For the Mahayana practitioner with a little more capability
to use attachment in the path, who can use the attachment
arising from the object of desire smiling - but not from intercourse
or touching - Performance Tantra is revealed. For the practitioner
who has the potential to use the attachment arising from touching
in the path, but not the attachment arising from intercourse,
Yoga Tantra is revealed.
For the practitioner of highest intelligence who has the
capability to transform into the path to enlightenment the
greatest attachment, that arising from sexual intercourse,
Highest Yoga Tantra is revealed. With the skilful means of
Highest Yoga Tantra one can achieve enlightenment in this
very lifetime, even within a few years, as did Milarepa and
many other great yogis, such as Indrabhuti, who achieved enlightenment
in three years, and Ensapa, who achieved enlightenment without
bearing hardships or leading an ascetic life. As His Holiness
Song Rinpoche said, "Without bearing the hardships that
Milarepa did, Ensapa achieved enlightenment comfortably in
one very brief lifetime."
The meaning of mantra
Tantra is also called mantra: man
means understanding; tra means protecting
migratory beings, which means compassion. Mantra is the unification
of these two, understanding and compassion. The unification
of understanding and protection, which is compassion, is mantra.
In other words the general meaning of mantra is "protecting
the mind."
The specific meaning of mantra according to Highest Yoga
Tantra is that by actualizing and developing the primordial
subtle mind, the experience of clear light and simultaneously-born
bliss, one ceases the continuation of the ordinary mind. The
ordinary minds that arise at the time of death during the
white, red and dark visions are more subtle than the previous
gross mind, but compared to the subtle mind of clear light,
these minds arising during the three visions are gross. The
continuation of these gross, ordinary minds associated with
the three visions is ceased by the clear light, the primordial
mind of simultaneously-born bliss.
By developing the real meaning of Highest Yoga Tantra, thus
of mantra - that is, the primordial mind of simultaneously-born
bliss - we cut off dual view since this cuts off the continuation
of the ordinary mind that arises even during the three visions.
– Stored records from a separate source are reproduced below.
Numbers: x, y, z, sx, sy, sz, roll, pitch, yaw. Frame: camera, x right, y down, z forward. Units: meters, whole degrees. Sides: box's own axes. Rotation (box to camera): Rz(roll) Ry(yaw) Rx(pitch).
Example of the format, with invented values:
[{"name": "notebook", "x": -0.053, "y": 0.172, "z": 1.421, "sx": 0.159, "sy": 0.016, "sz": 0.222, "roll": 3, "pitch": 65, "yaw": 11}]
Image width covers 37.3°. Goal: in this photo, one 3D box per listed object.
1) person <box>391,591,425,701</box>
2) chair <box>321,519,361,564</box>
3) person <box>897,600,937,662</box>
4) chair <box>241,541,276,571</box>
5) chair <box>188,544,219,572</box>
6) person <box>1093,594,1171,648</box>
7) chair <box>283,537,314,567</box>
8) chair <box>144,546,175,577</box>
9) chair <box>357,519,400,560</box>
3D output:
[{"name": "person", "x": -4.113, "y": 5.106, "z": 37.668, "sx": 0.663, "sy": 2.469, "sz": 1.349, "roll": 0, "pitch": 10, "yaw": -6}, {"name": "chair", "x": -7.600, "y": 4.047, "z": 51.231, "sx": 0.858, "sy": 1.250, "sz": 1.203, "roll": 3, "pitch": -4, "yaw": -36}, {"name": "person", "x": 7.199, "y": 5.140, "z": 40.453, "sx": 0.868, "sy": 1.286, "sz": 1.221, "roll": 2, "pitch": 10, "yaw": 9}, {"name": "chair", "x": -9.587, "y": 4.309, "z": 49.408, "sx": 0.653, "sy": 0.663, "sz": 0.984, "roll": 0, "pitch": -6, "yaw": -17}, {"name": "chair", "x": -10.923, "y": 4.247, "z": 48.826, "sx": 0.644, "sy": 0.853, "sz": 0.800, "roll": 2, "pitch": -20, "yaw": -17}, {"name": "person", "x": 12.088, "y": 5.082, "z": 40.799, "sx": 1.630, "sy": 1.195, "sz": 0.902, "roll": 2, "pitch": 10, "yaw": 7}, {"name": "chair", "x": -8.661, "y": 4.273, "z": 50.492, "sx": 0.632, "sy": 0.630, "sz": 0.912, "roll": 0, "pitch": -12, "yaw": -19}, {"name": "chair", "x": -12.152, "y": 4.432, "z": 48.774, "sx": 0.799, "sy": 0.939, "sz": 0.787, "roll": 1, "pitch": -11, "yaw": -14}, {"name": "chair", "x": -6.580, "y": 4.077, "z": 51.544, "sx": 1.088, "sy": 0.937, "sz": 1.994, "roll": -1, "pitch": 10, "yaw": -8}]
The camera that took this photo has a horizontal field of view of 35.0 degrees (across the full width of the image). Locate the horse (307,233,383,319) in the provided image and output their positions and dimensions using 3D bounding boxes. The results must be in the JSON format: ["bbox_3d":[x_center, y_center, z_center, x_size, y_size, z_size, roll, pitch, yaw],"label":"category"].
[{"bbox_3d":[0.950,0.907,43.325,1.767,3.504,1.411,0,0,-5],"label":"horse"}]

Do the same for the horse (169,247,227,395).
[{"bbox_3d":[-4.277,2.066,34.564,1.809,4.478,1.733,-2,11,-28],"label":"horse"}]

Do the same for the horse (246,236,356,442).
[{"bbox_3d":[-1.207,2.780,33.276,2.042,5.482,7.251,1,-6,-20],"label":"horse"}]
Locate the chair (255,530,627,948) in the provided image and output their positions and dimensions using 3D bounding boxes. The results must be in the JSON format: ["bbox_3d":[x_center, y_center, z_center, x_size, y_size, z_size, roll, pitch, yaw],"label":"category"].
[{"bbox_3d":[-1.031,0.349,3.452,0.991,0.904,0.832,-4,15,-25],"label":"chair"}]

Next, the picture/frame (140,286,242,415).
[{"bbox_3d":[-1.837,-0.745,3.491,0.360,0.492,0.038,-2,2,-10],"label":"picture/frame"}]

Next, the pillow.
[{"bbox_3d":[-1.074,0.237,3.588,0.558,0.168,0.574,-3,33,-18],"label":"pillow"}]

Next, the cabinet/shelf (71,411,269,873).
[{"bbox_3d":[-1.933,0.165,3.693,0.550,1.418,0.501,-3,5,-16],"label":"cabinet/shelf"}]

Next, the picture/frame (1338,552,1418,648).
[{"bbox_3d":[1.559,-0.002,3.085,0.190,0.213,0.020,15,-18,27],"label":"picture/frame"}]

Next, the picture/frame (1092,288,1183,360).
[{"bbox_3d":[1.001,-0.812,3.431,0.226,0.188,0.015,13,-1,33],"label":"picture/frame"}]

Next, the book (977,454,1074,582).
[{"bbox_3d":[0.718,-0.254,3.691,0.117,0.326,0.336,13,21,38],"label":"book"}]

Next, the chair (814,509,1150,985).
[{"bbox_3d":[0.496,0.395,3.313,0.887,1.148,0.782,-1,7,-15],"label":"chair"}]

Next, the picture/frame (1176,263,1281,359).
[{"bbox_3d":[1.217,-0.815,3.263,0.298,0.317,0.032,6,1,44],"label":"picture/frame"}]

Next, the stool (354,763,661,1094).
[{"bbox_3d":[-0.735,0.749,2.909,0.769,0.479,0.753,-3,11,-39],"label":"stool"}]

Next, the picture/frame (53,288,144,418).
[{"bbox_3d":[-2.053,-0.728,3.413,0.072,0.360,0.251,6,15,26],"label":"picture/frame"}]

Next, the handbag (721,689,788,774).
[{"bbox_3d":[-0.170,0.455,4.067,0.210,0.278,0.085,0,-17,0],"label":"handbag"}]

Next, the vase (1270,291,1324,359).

Only by cutting off dual view can we achieve enlightenment,
that is, the unification of the completely pure holy mind
and holy body.
Therefore, according to Highest Yoga Tantra, man
means the transcendental wisdom of the simultaneously-born
clear light; tra means protecting sentient beings
from ordinary minds, or dual view. How can the minds of sentient
beings be protected? We receive initiations which ripen our
mind and allow us to practice Highest Yoga Tantra. We then
generate simultaneously-born bliss and as we develop this
further, clear light. By developing this clear light, we are
then able to cease dual view. When we have this experience,
we have actualized the real mantra.
Mantra should not be understood to be just recitation of
some secret words. This realization of simultaneously-born
bliss is the mantra. Generating this clear light of simultaneously-born
bliss protects us from the continuation of the ordinary mind,
dual view.
It can also be understood in this way: The guru-deity, whose
holy mind abides in the simultaneously-born transcendental
wisdom of great bliss, reveals the teachings - particularly
the Highest Yoga Tantra path - out of that transcendental
wisdom. In this way we are able to practice and actualize
the path. The mantra in the holy mind of the guru-deity protects
us not only from the sufferings of samsara, but from even
the ordinary mind, dual view. If we have this realization
of the transcendental wisdom of simultaneously-born bliss,
we can protect not only ourself but also other sentient beings,
who equal the extent of infinite space, from dual view. This
is the meaning of mantra.
The skillful means of tantra
As His Holiness the Dalai Lama has explained, the wisdom
realizing emptiness in the Paramitayana path is only gross
wisdom. The Paramitayana path does not reveal the subtle wisdom
realizing emptiness.
For the primordial subtle mind to realize emptiness, the
ordinary gross mind and even the subtle minds that arise during
the white, red and dark visions have to be completely absorbed.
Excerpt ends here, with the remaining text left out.